## [PROBLEM TO WORK ON]
Return every line in the entries below where the word "Pending" shows up.
┄┄┄┄┄┄┄┄┄┄┄┄┄┄┄┄┄┄┄┄
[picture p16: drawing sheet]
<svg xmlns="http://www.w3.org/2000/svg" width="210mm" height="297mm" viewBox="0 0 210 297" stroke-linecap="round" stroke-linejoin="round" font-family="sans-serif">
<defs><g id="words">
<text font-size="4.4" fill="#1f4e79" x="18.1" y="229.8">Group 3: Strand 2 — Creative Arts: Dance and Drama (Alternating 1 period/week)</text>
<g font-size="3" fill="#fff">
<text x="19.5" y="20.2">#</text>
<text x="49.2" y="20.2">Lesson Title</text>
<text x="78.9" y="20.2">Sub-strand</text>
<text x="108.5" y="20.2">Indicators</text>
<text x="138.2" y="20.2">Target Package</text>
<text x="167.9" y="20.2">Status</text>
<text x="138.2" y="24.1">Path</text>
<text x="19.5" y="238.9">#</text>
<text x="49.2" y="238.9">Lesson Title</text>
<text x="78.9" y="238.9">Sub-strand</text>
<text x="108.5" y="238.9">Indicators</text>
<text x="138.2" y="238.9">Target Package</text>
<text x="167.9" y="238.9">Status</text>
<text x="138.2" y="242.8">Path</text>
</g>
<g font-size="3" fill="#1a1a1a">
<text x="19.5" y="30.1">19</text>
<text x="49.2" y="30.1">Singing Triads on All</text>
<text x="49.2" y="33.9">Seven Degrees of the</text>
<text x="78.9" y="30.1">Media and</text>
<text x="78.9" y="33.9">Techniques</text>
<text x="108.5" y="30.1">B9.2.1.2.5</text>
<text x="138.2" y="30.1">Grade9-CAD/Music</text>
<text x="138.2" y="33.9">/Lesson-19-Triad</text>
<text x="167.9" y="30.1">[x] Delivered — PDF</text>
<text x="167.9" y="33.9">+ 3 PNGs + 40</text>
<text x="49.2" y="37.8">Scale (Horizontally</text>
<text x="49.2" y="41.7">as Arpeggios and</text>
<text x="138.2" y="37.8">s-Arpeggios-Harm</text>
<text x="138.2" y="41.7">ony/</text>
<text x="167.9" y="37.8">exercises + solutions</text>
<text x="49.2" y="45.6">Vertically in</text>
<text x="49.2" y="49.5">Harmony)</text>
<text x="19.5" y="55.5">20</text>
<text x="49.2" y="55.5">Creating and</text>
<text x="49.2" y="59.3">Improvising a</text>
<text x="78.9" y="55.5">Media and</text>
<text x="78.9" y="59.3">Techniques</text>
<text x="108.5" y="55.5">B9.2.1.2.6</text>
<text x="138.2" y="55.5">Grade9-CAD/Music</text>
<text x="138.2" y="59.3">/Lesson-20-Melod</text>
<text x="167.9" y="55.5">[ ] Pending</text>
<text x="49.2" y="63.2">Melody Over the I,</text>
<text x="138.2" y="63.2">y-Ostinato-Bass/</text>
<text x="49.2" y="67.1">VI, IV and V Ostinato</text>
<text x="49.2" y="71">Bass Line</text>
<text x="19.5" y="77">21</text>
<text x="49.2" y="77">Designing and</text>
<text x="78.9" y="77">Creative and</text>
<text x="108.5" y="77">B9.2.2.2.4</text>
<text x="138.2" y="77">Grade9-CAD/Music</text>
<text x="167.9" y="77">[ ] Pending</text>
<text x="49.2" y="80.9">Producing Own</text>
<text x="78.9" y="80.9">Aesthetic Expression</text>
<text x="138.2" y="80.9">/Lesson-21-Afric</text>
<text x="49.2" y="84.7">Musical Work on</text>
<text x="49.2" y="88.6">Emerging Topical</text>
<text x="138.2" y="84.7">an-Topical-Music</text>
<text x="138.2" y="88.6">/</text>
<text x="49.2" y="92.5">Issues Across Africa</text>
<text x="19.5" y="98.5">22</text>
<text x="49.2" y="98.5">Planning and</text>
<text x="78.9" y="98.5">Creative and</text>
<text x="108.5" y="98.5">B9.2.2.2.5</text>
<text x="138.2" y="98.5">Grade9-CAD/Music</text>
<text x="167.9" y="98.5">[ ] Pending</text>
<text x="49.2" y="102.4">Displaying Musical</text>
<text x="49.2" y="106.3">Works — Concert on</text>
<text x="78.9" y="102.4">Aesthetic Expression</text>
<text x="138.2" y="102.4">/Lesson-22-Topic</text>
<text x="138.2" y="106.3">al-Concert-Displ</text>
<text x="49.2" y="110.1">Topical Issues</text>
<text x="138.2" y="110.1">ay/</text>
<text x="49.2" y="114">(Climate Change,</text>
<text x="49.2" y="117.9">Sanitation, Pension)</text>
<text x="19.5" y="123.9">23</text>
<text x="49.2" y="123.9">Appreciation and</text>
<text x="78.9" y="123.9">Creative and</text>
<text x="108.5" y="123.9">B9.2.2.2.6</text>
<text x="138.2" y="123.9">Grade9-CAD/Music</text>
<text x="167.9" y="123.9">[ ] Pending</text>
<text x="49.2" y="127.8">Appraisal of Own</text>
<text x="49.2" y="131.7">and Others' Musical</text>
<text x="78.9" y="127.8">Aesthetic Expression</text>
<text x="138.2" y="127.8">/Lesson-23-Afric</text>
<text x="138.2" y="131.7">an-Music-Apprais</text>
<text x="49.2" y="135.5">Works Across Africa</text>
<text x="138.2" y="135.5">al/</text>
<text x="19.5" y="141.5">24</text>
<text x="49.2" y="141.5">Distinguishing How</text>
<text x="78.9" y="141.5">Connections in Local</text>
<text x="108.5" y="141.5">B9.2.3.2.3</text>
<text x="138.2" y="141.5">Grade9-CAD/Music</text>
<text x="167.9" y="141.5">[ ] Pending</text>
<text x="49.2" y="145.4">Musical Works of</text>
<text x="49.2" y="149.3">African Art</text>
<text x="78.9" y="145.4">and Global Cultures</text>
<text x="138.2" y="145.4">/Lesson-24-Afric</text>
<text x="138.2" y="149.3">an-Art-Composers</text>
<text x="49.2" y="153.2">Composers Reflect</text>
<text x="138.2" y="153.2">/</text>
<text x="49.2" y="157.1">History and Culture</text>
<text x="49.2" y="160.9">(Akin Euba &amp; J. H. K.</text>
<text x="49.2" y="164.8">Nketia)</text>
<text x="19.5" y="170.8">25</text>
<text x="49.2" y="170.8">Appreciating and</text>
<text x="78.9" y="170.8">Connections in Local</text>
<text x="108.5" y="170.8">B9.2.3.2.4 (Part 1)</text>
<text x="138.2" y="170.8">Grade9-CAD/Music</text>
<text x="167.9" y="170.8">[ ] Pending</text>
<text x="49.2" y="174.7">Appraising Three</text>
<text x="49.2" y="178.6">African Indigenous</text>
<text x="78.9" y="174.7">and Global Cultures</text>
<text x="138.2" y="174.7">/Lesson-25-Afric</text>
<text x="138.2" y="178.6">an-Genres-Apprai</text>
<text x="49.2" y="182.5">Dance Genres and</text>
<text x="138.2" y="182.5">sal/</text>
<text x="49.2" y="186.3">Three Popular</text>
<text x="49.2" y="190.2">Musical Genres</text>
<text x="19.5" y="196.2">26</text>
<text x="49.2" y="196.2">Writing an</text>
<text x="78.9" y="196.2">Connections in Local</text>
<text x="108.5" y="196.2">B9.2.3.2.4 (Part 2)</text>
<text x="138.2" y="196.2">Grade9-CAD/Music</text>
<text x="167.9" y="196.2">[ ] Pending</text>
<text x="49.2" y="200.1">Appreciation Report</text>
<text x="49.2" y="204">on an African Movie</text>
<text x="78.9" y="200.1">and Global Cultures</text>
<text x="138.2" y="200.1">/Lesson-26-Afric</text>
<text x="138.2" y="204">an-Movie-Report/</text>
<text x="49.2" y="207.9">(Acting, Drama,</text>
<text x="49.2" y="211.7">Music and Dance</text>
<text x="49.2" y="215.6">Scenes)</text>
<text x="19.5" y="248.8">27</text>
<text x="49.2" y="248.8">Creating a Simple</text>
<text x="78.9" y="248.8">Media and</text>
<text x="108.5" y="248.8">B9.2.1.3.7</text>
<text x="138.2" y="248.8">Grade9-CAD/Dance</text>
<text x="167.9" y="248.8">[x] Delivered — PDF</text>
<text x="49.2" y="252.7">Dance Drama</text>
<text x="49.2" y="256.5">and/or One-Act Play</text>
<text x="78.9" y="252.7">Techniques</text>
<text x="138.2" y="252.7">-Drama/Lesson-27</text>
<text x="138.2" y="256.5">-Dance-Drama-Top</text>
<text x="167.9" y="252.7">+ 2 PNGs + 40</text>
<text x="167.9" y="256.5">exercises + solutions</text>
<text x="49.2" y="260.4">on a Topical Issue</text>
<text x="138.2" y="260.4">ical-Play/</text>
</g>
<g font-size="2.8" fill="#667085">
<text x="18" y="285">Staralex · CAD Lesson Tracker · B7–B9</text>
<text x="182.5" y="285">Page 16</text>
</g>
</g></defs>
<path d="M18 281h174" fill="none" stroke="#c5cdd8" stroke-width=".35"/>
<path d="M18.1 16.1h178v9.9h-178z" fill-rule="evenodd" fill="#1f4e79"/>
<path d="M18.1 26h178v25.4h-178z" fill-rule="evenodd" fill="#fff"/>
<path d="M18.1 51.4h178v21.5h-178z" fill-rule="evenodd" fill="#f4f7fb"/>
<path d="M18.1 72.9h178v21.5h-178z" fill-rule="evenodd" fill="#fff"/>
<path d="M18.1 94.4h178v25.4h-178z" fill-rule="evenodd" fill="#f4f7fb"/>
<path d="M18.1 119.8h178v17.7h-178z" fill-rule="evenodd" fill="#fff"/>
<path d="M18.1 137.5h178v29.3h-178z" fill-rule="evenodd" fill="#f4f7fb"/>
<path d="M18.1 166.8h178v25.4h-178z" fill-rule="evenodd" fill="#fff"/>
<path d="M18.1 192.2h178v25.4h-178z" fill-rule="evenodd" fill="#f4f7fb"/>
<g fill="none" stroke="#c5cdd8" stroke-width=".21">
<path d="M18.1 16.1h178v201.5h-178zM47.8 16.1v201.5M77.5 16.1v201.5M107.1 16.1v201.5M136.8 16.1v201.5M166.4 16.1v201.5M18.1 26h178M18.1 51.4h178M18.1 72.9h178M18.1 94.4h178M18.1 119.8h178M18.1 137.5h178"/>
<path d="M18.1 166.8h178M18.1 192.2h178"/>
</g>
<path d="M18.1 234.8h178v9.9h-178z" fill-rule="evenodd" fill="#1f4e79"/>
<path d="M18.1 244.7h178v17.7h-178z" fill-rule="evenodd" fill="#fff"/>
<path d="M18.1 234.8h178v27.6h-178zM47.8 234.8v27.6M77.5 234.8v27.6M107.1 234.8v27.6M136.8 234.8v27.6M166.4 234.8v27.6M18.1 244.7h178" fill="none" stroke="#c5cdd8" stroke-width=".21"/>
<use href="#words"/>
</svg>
┄┄┄┄┄┄┄┄┄┄┄┄┄┄┄┄┄┄┄┄
## [EXERCISE SOLUTION]
<text x="167.9" y="55.5">[ ] Pending</text>
<text x="167.9" y="77">[ ] Pending</text>
<text x="167.9" y="98.5">[ ] Pending</text>
<text x="167.9" y="123.9">[ ] Pending</text>
<text x="167.9" y="141.5">[ ] Pending</text>
<text x="167.9" y="170.8">[ ] Pending</text>
<text x="167.9" y="196.2">[ ] Pending</text>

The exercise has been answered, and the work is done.